< 1 Samuël 10 >

1 Toen nam Samuel een oliekruik, en goot ze uit op zijn hoofd, en kuste hem, en zeide: Is het niet alzo, dat de HEERE u tot een voorganger over Zijn erfdeel gezalfd heeft?
Da tog Samuel Olieflasken og udgød Olien over hans Hoved, kyssede ham og sagde: »Har HERREN ikke salvet dig til Fyrste over sit Folk Israel? Du skal herske over HERRENS Folk og frelse det fra dets Fjender.
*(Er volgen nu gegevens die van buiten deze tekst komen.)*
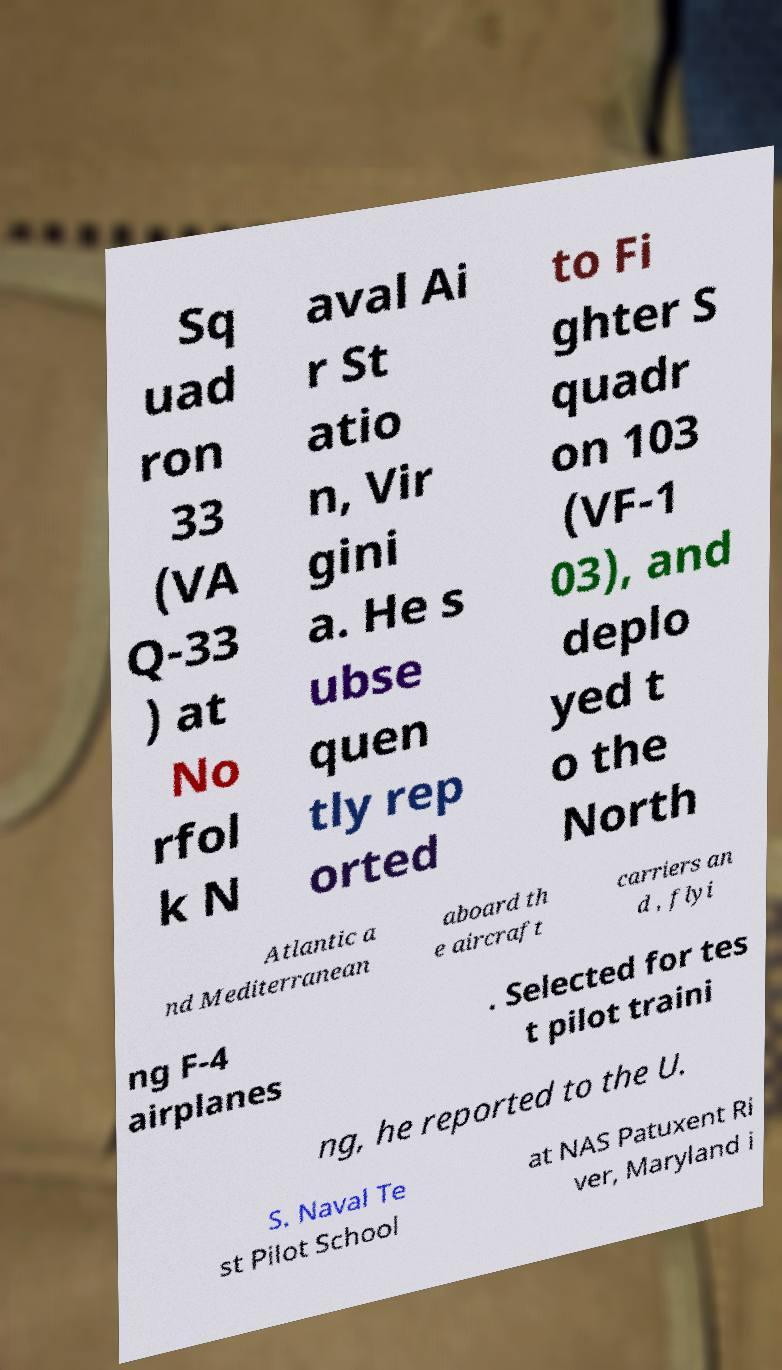For documentation purposes, I need the text within this image transcribed. Could you provide that? Sq uad ron 33 (VA Q-33 ) at No rfol k N aval Ai r St atio n, Vir gini a. He s ubse quen tly rep orted to Fi ghter S quadr on 103 (VF-1 03), and deplo yed t o the North Atlantic a nd Mediterranean aboard th e aircraft carriers an d , flyi ng F-4 airplanes . Selected for tes t pilot traini ng, he reported to the U. S. Naval Te st Pilot School at NAS Patuxent Ri ver, Maryland i

Og dette skal være dig Tegnet paa, at HERREN har salvet dig til Fyrste over sin Arv:
2 Als gij heden van mij gaat, zo zult gij twee mannen vinden bij het graf van Rachel, aan de landpale van Benjamin, te Zelzah; die zullen tot u zeggen: De ezelinnen zijn gevonden, die gij zijt gaan zoeken, en zie, uw vader heeft de zaken der ezelinnen verlaten, en hij is bekommerd voor ulieden, zeggende: Wat zal ik om mijn zoon doen?
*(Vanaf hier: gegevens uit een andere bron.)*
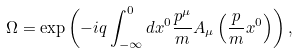Convert formula to latex. <formula><loc_0><loc_0><loc_500><loc_500>\Omega = \exp \left ( - i q \int _ { - \infty } ^ { 0 } d x ^ { 0 } \frac { p ^ { \mu } } { m } A _ { \mu } \left ( \frac { p } { m } x ^ { 0 } \right ) \right ) ,</formula>

Naar du i Dag gaar fra mig, skal du træffe to Mænd ved Rakels Grav ved Benjamins Grænse i Zelza, og de skal sige til dig: Æslerne, du gik ud at lede efter, er fundet; dem har din Fader slaaet af Tanke, men nu er han urolig for eder og siger: Hvad skal jeg gøre for min Søn?
3 Als gij u van daar en verder aan begeeft, en zult komen tot aan Elon-Thabor, daar zullen u drie mannen vinden, opgaande tot God naar Beth-El; een, dragende drie bokjes, en een, dragende drie bollen broods, en een, dragende een fles wijn.
Og naar du er gaaet et Stykke længere frem og kommer til Taboregen, skal du træffe tre Mænd, som er paa Vej op til Gud i Betel; den ene bærer tre Kid, den anden tre Brødkager og den tredje en Dunk Vin;
4 En zij zullen u naar uw welstand vragen, en zij zullen u twee broden geven; die zult gij van hun hand nemen.
de skal hilse paa dig og give dig to Brødkager, som du skal tage imod.
5 Daarna zult gij komen op den heuvel Gods, waar der Filistijnen bezettingen zijn; en het zal geschieden, als gij aldaar in de stad komt, zo zult gij ontmoeten een hoop profeten, van de hoogte afkomende, en voor hun aangezichten luiten, en trommelen, en pijpen, en harpen, en zij zullen profeteren.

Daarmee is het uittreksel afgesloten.